Your task is to repeat the lines below exactly, excluding any pictures they contain.

# # #

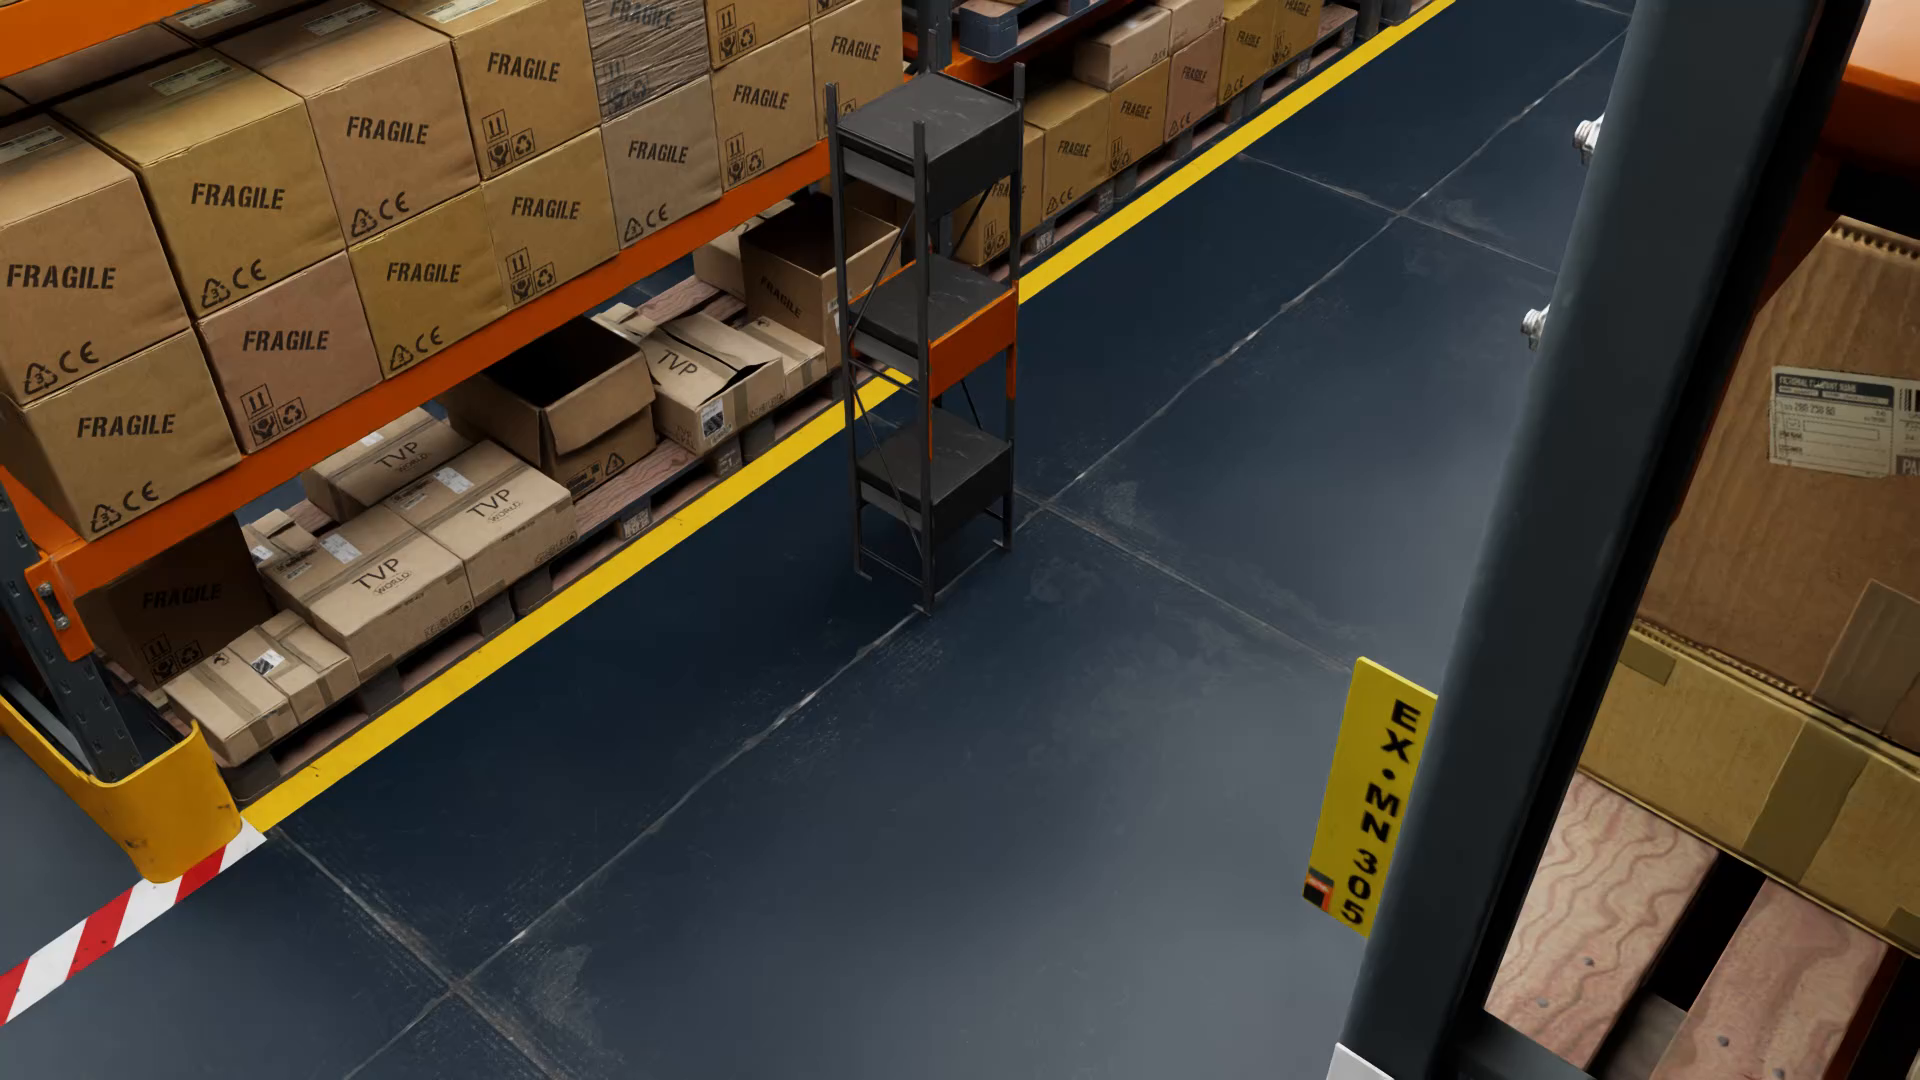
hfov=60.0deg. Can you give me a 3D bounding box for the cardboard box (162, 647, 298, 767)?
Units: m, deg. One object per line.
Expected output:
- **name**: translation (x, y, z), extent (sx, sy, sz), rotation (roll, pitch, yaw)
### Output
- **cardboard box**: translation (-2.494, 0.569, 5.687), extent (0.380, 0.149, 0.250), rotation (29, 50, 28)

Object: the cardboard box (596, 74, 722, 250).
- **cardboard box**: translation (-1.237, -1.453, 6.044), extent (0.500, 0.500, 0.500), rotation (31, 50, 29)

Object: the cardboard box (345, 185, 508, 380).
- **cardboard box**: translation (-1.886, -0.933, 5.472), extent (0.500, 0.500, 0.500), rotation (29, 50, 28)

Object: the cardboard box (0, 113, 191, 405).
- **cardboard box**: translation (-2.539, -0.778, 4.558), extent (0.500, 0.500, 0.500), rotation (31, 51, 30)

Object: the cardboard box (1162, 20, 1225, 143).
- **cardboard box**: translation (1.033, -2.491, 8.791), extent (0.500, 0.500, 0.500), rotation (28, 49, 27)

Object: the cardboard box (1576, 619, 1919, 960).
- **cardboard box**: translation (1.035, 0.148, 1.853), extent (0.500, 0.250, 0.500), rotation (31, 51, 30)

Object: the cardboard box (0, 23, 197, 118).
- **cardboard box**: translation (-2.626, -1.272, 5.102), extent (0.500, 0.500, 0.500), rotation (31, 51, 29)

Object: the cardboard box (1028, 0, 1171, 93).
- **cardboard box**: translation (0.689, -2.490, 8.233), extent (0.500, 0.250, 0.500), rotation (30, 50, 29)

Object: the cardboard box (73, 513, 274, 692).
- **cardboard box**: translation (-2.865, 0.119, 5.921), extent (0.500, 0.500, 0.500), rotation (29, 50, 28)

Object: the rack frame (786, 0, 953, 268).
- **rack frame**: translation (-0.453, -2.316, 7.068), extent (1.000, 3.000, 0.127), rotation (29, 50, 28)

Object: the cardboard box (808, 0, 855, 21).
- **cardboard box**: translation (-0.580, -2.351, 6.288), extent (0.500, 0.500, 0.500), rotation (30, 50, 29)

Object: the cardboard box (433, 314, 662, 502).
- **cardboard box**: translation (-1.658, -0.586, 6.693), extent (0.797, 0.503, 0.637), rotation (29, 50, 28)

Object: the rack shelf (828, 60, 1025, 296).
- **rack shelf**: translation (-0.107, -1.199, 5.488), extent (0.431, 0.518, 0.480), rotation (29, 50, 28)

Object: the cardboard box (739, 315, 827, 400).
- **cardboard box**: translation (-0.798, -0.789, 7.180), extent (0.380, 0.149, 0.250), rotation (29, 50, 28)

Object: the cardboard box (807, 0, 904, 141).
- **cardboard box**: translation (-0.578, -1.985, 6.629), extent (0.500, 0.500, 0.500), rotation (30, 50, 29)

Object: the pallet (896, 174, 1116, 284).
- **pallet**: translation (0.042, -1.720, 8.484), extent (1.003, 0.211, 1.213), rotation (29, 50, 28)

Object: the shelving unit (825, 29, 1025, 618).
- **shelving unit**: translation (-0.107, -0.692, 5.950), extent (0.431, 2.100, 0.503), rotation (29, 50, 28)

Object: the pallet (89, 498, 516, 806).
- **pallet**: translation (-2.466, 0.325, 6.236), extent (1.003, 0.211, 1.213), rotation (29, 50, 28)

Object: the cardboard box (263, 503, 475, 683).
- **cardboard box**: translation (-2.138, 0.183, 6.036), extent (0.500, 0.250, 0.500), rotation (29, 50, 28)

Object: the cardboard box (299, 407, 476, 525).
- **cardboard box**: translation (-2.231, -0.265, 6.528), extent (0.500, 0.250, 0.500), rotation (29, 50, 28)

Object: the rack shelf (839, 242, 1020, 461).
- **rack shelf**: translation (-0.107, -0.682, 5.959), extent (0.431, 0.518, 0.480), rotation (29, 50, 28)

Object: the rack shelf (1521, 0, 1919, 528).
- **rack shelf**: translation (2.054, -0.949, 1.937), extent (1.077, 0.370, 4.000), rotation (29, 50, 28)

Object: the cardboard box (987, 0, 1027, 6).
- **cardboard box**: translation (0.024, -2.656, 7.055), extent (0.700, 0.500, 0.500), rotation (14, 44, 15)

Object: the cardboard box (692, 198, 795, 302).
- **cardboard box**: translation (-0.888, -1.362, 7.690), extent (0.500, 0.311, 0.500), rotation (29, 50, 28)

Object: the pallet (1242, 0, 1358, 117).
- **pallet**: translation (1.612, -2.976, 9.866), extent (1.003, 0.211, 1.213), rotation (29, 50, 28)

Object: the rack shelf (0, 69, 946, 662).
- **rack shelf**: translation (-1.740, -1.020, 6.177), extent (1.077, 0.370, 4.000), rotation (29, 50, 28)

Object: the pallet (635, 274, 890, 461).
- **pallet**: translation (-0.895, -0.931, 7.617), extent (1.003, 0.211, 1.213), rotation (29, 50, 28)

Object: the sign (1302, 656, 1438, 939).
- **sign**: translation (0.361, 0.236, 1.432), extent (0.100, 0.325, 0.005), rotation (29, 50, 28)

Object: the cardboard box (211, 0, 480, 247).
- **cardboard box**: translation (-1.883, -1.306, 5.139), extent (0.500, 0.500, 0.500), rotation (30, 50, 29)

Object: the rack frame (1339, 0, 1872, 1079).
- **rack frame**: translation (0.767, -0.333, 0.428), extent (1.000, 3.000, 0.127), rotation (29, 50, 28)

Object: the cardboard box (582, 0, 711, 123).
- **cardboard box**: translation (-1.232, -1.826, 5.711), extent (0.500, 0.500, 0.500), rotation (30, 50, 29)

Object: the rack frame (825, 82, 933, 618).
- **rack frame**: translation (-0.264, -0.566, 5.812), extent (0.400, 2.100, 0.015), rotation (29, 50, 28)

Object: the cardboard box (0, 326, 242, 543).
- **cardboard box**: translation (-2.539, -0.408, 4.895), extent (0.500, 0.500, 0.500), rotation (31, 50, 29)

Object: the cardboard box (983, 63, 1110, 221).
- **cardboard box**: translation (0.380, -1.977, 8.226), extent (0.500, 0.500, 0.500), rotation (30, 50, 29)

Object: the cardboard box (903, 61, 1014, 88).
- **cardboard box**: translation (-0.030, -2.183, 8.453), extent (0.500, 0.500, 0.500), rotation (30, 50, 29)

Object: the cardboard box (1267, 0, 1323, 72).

# # #

Written solution:
hfov=60.0deg. Can you give me a 3D bounding box for the cardboard box (162, 647, 298, 767)?
Units: m, deg. One object per line.
Expected output:
- **name**: translation (x, y, z), extent (sx, sy, sz), rotation (roll, pitch, yaw)
### Output
- **cardboard box**: translation (-2.494, 0.569, 5.687), extent (0.380, 0.149, 0.250), rotation (29, 50, 28)

Object: the cardboard box (596, 74, 722, 250).
- **cardboard box**: translation (-1.237, -1.453, 6.044), extent (0.500, 0.500, 0.500), rotation (31, 50, 29)

Object: the cardboard box (345, 185, 508, 380).
- **cardboard box**: translation (-1.886, -0.933, 5.472), extent (0.500, 0.500, 0.500), rotation (29, 50, 28)

Object: the cardboard box (0, 113, 191, 405).
- **cardboard box**: translation (-2.539, -0.778, 4.558), extent (0.500, 0.500, 0.500), rotation (31, 51, 30)

Object: the cardboard box (1162, 20, 1225, 143).
- **cardboard box**: translation (1.033, -2.491, 8.791), extent (0.500, 0.500, 0.500), rotation (28, 49, 27)

Object: the cardboard box (1576, 619, 1919, 960).
- **cardboard box**: translation (1.035, 0.148, 1.853), extent (0.500, 0.250, 0.500), rotation (31, 51, 30)

Object: the cardboard box (0, 23, 197, 118).
- **cardboard box**: translation (-2.626, -1.272, 5.102), extent (0.500, 0.500, 0.500), rotation (31, 51, 29)

Object: the cardboard box (1028, 0, 1171, 93).
- **cardboard box**: translation (0.689, -2.490, 8.233), extent (0.500, 0.250, 0.500), rotation (30, 50, 29)

Object: the cardboard box (73, 513, 274, 692).
- **cardboard box**: translation (-2.865, 0.119, 5.921), extent (0.500, 0.500, 0.500), rotation (29, 50, 28)

Object: the rack frame (786, 0, 953, 268).
- **rack frame**: translation (-0.453, -2.316, 7.068), extent (1.000, 3.000, 0.127), rotation (29, 50, 28)

Object: the cardboard box (808, 0, 855, 21).
- **cardboard box**: translation (-0.580, -2.351, 6.288), extent (0.500, 0.500, 0.500), rotation (30, 50, 29)

Object: the cardboard box (433, 314, 662, 502).
- **cardboard box**: translation (-1.658, -0.586, 6.693), extent (0.797, 0.503, 0.637), rotation (29, 50, 28)

Object: the rack shelf (828, 60, 1025, 296).
- **rack shelf**: translation (-0.107, -1.199, 5.488), extent (0.431, 0.518, 0.480), rotation (29, 50, 28)

Object: the cardboard box (739, 315, 827, 400).
- **cardboard box**: translation (-0.798, -0.789, 7.180), extent (0.380, 0.149, 0.250), rotation (29, 50, 28)

Object: the cardboard box (807, 0, 904, 141).
- **cardboard box**: translation (-0.578, -1.985, 6.629), extent (0.500, 0.500, 0.500), rotation (30, 50, 29)

Object: the pallet (896, 174, 1116, 284).
- **pallet**: translation (0.042, -1.720, 8.484), extent (1.003, 0.211, 1.213), rotation (29, 50, 28)

Object: the shelving unit (825, 29, 1025, 618).
- **shelving unit**: translation (-0.107, -0.692, 5.950), extent (0.431, 2.100, 0.503), rotation (29, 50, 28)

Object: the pallet (89, 498, 516, 806).
- **pallet**: translation (-2.466, 0.325, 6.236), extent (1.003, 0.211, 1.213), rotation (29, 50, 28)

Object: the cardboard box (263, 503, 475, 683).
- **cardboard box**: translation (-2.138, 0.183, 6.036), extent (0.500, 0.250, 0.500), rotation (29, 50, 28)

Object: the cardboard box (299, 407, 476, 525).
- **cardboard box**: translation (-2.231, -0.265, 6.528), extent (0.500, 0.250, 0.500), rotation (29, 50, 28)

Object: the rack shelf (839, 242, 1020, 461).
- **rack shelf**: translation (-0.107, -0.682, 5.959), extent (0.431, 0.518, 0.480), rotation (29, 50, 28)

Object: the rack shelf (1521, 0, 1919, 528).
- **rack shelf**: translation (2.054, -0.949, 1.937), extent (1.077, 0.370, 4.000), rotation (29, 50, 28)

Object: the cardboard box (987, 0, 1027, 6).
- **cardboard box**: translation (0.024, -2.656, 7.055), extent (0.700, 0.500, 0.500), rotation (14, 44, 15)

Object: the cardboard box (692, 198, 795, 302).
- **cardboard box**: translation (-0.888, -1.362, 7.690), extent (0.500, 0.311, 0.500), rotation (29, 50, 28)

Object: the pallet (1242, 0, 1358, 117).
- **pallet**: translation (1.612, -2.976, 9.866), extent (1.003, 0.211, 1.213), rotation (29, 50, 28)

Object: the rack shelf (0, 69, 946, 662).
- **rack shelf**: translation (-1.740, -1.020, 6.177), extent (1.077, 0.370, 4.000), rotation (29, 50, 28)

Object: the pallet (635, 274, 890, 461).
- **pallet**: translation (-0.895, -0.931, 7.617), extent (1.003, 0.211, 1.213), rotation (29, 50, 28)

Object: the sign (1302, 656, 1438, 939).
- **sign**: translation (0.361, 0.236, 1.432), extent (0.100, 0.325, 0.005), rotation (29, 50, 28)

Object: the cardboard box (211, 0, 480, 247).
- **cardboard box**: translation (-1.883, -1.306, 5.139), extent (0.500, 0.500, 0.500), rotation (30, 50, 29)

Object: the rack frame (1339, 0, 1872, 1079).
- **rack frame**: translation (0.767, -0.333, 0.428), extent (1.000, 3.000, 0.127), rotation (29, 50, 28)

Object: the cardboard box (582, 0, 711, 123).
- **cardboard box**: translation (-1.232, -1.826, 5.711), extent (0.500, 0.500, 0.500), rotation (30, 50, 29)

Object: the rack frame (825, 82, 933, 618).
- **rack frame**: translation (-0.264, -0.566, 5.812), extent (0.400, 2.100, 0.015), rotation (29, 50, 28)

Object: the cardboard box (0, 326, 242, 543).
- **cardboard box**: translation (-2.539, -0.408, 4.895), extent (0.500, 0.500, 0.500), rotation (31, 50, 29)

Object: the cardboard box (983, 63, 1110, 221).
- **cardboard box**: translation (0.380, -1.977, 8.226), extent (0.500, 0.500, 0.500), rotation (30, 50, 29)

Object: the cardboard box (903, 61, 1014, 88).
- **cardboard box**: translation (-0.030, -2.183, 8.453), extent (0.500, 0.500, 0.500), rotation (30, 50, 29)

Object: the cardboard box (1267, 0, 1323, 72).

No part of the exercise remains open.